Probability that a quadratic equation has real roots

Problem

The premise is almost the same as in this question. I’ll restate for convenience.

Let $A$, $B$, $C$ be independent random variables uniformly distributed between $(-1,+1)$. What is the probability that the polynomial $Ax^2+Bx+C$ has real roots?

Note: The distribution is now $-1$ to $+1$ instead of $0$ to $1$.

My Attempt

Preparation

When the coefficients are sampled from $\mathcal{U}(0,1)$, the probability for the discriminant to be non-negative that is, $P(B^2-4AC\geq0) \approx 25.4\% $. This value can be obtained theoretically as well as experimentally. The link I shared above to the older question has several good answers discussing both approaches.

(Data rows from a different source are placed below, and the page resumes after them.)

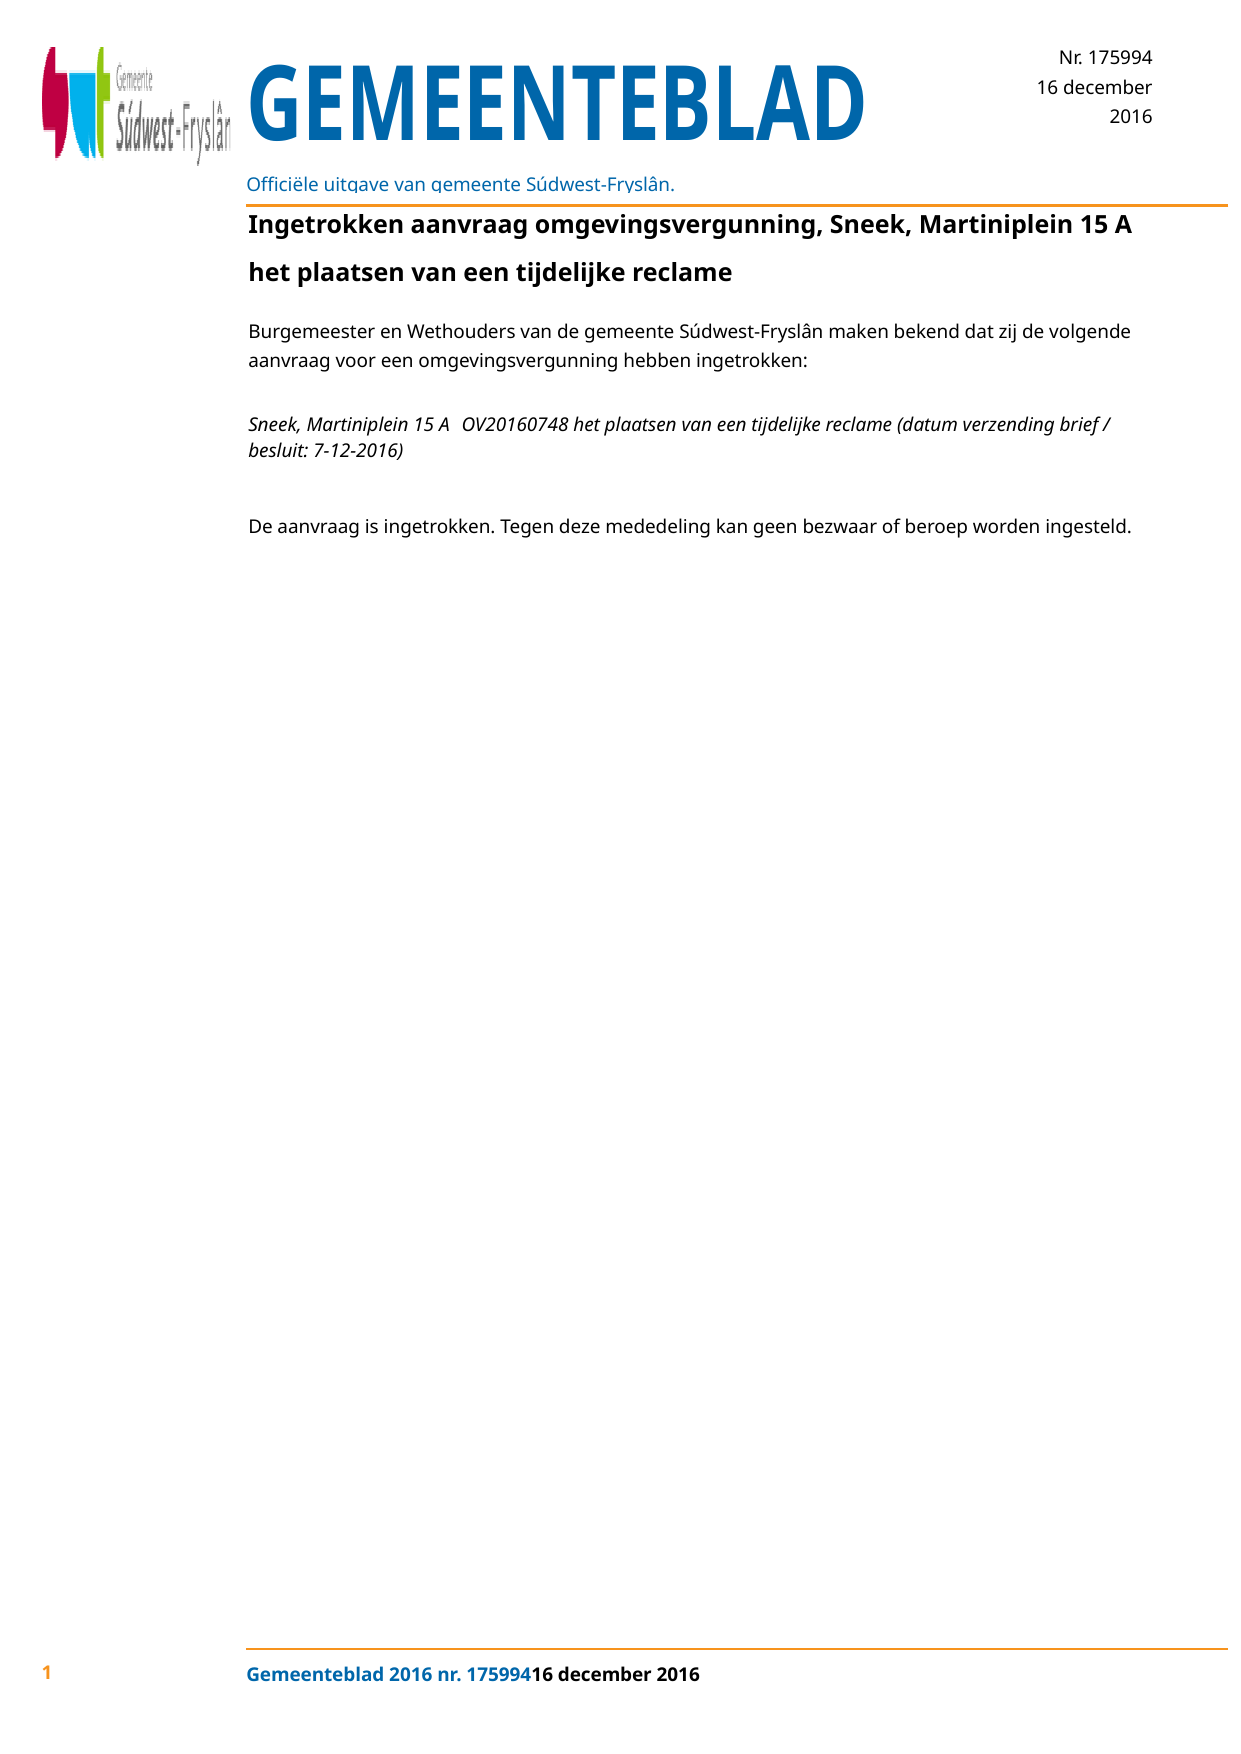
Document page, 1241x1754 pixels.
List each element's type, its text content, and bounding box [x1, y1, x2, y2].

picture [41, 47, 231, 172]
text Sneek, Martiniplein 15 A OV20160748 het plaatsen van een tijdelijke reclame (datum verzending brief / besluit: 7-12-2016) [248, 411, 1152, 463]
text De aanvraag is ingetrokken. Tegen deze mededeling kan geen bezwaar of beroep worden ingesteld. [248, 513, 1152, 539]
text Burgemeester en Wethouders van de gemeente Súdwest-Fryslân maken bekend dat zij de volgende aanvraag voor een omgevingsvergunning hebben ingetrokken: [248, 318, 1152, 373]
text Ingetrokken aanvraag omgevingsvergunning, Sneek, Martiniplein 15 A het plaatsen van een tijdelijke reclame [248, 207, 1152, 288]
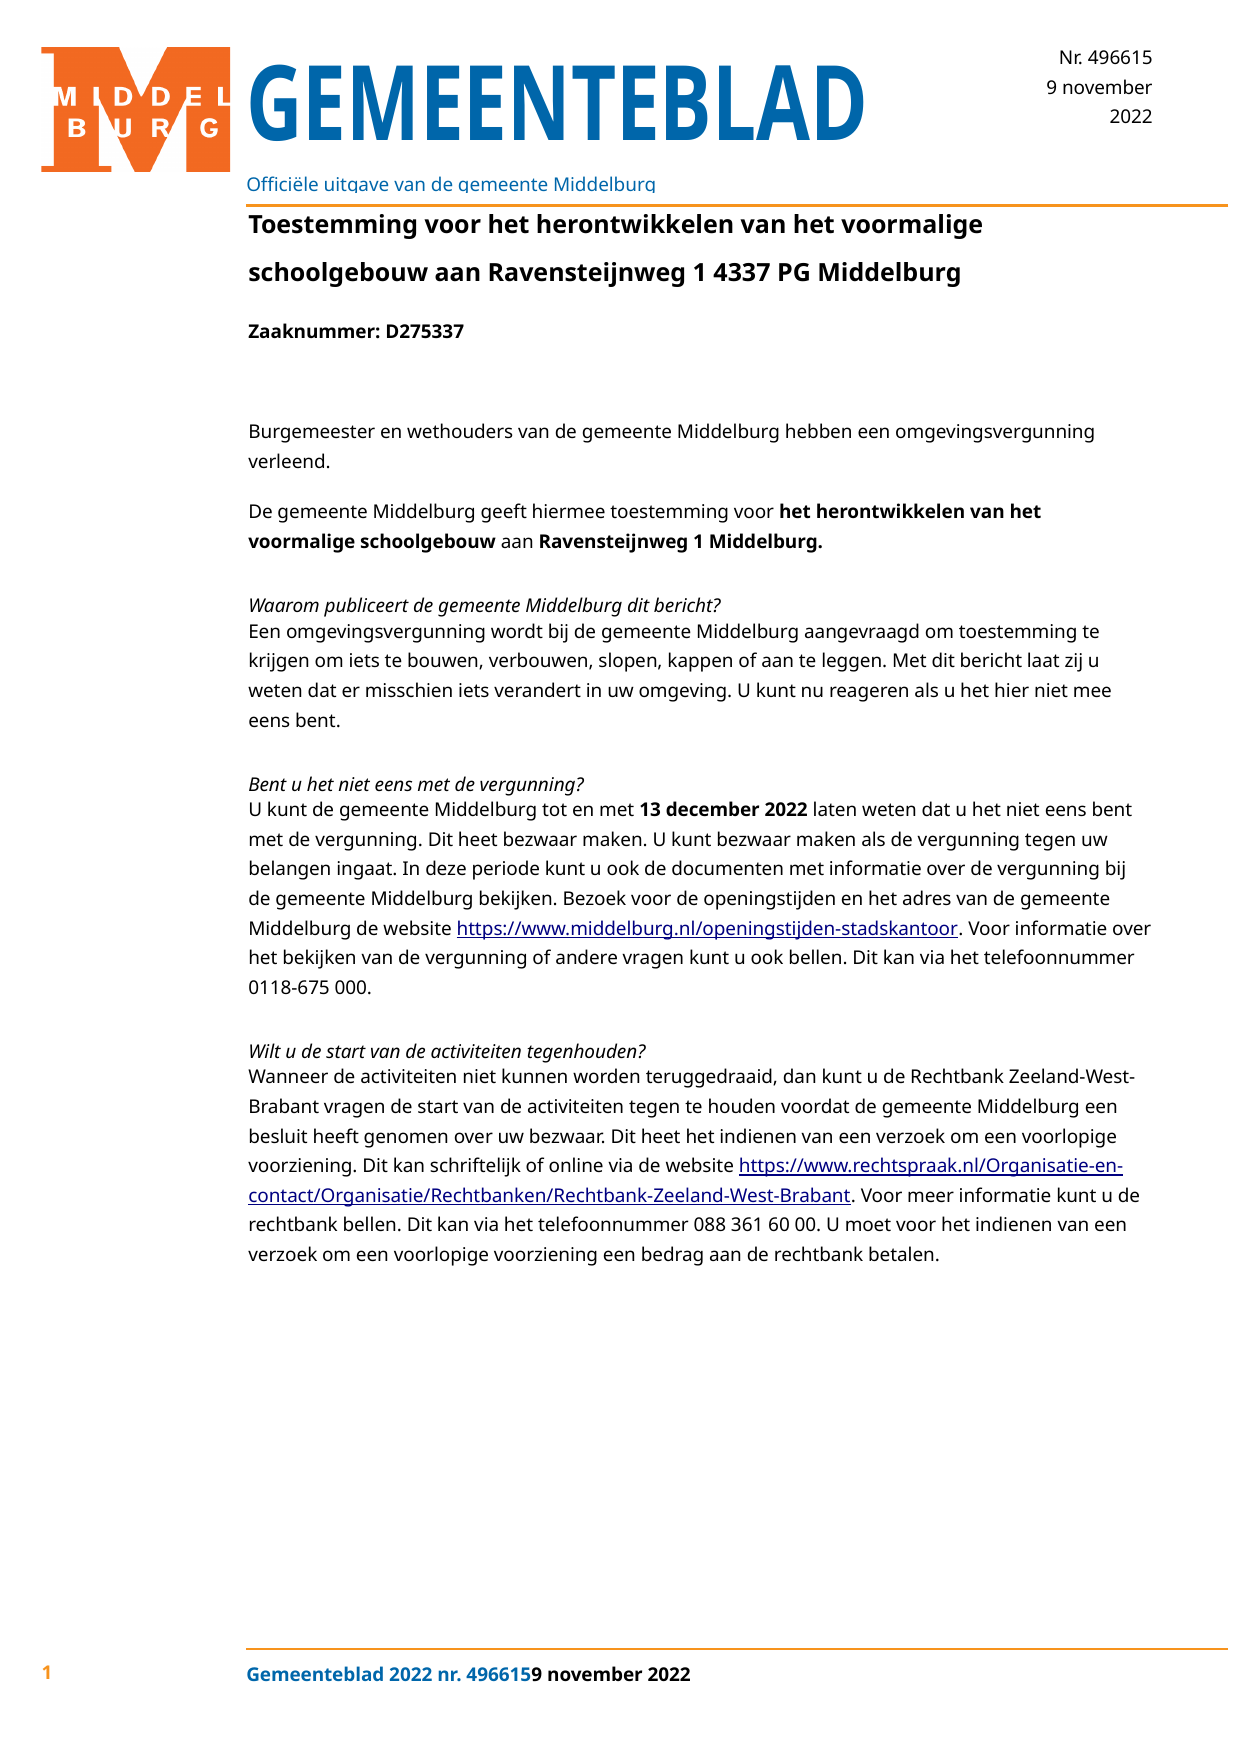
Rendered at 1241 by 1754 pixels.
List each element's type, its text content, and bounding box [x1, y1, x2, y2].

text Toestemming voor het herontwikkelen van het voormalige schoolgebouw aan Ravensteijnweg 1 4337 PG Middelburg [248, 207, 1152, 288]
text U kunt de gemeente Middelburg tot en met 13 december 2022 laten weten dat u het niet eens bent met de vergunning. Dit heet bezwaar maken. U kunt bezwaar maken als de vergunning tegen uw belangen ingaat. In deze periode kunt u ook de documenten met informatie over de vergunning bij de gemeente Middelburg bekijken. Bezoek voor de openingstijden en het adres van de gemeente Middelburg de website https://www.middelburg.nl/openingstijden-stadskantoor. Voor informatie over het bekijken van de vergunning of andere vragen kunt u ook bellen. Dit kan via het telefoonnummer 0118-675 000. [248, 796, 1152, 1000]
text Waarom publiceert de gemeente Middelburg dit bericht? [248, 592, 1152, 618]
text Een omgevingsvergunning wordt bij de gemeente Middelburg aangevraagd om toestemming te krijgen om iets te bouwen, verbouwen, slopen, kappen of aan te leggen. Met dit bericht laat zij u weten dat er misschien iets verandert in uw omgeving. U kunt nu reageren als u het hier niet mee eens bent. [248, 618, 1152, 732]
text De gemeente Middelburg geeft hiermee toestemming voor het herontwikkelen van het voormalige schoolgebouw aan Ravensteijnweg 1 Middelburg. [248, 499, 1152, 554]
picture [41, 47, 231, 172]
text Wanneer de activiteiten niet kunnen worden teruggedraaid, dan kunt u de Rechtbank Zeeland-West-Brabant vragen de start van de activiteiten tegen te houden voordat de gemeente Middelburg een besluit heeft genomen over uw bezwaar. Dit heet het indienen van een verzoek om een voorlopige voorziening. Dit kan schriftelijk of online via de website https://www.rechtspraak.nl/Organisatie-en-contact/Organisatie/Rechtbanken/Rechtbank-Zeeland-West-Brabant. Voor meer informatie kunt u de rechtbank bellen. Dit kan via het telefoonnummer 088 361 60 00. U moet voor het indienen van een verzoek om een voorlopige voorziening een bedrag aan de rechtbank betalen. [248, 1064, 1152, 1267]
text Bent u het niet eens met de vergunning? [248, 771, 1152, 796]
text Burgemeester en wethouders van de gemeente Middelburg hebben een omgevingsvergunning verleend. [248, 419, 1152, 474]
text Zaaknummer: D275337 [248, 318, 1152, 344]
text Wilt u de start van de activiteiten tegenhouden? [248, 1038, 1152, 1064]

Changing the sampling interval to $(-1, +1)$ makes things a bit difficult from the theoretical perspective. Experimentally, it is rather simple. This is the code I wrote to simulate the experiment for $\mathcal{U}(0,1)$. Changing it from (0, theta) to (-1, +1) gives me an average probability of $62.7\%$ with a standard deviation of $0.3\%$

I plotted the simulated PDF and CDF. In that order, they are:

PDFCDF

So I’m aiming to find a CDF that looks like the second image.

Theoretical Approach

The approach that I find easy to understand is outlined in this answer. Proceeding in a similar manner, we have

$$
f_A(a) = \begin{cases}
\frac{1}{2}, &-1\leq a\leq+1\\
0, &\text{ otherwise}
\end{cases}
$$

The PDFs are similar for $B$ and $C$.

The CDF for $A$ is

$$
F_A(a) = \begin{cases}
\frac{a + 1}{2}, &-1\leq a\geq +1\\
0,&a<-1\\
1,&a>+1
\end{cases}
$$

Let us assume $X=AC$. I proceed to calculate the CDF for $X$ (for $x>0$) as:

$$
\begin{align}
F_X(x) &= P(X\leq x)\\
&= P(AC\leq x)\\
&= \int_{c=-1}^{+1}P(Ac\leq x)f_C(c)dc\\
&= \frac{1}{2}\left(\int_{c=-1}^{+1}P(Ac\leq x)dc\right)\\
&= \frac{1}{2}\left(\int_{c=-1}^{+1}P\left(A\leq \frac{x}{c}\right)dc\right)\\
\end{align}
$$

We take a quick detour to make some observations. First, when $0<c<x$, we have $\frac{x}{c}>1$. Similarly, $-x<c<0$ implies $\frac{x}{c}<-1$. Also, $A$ is constrained to the interval $[-1, +1]$. Also, we’re only interested when $x\geq 0$ because $B^2\geq 0$.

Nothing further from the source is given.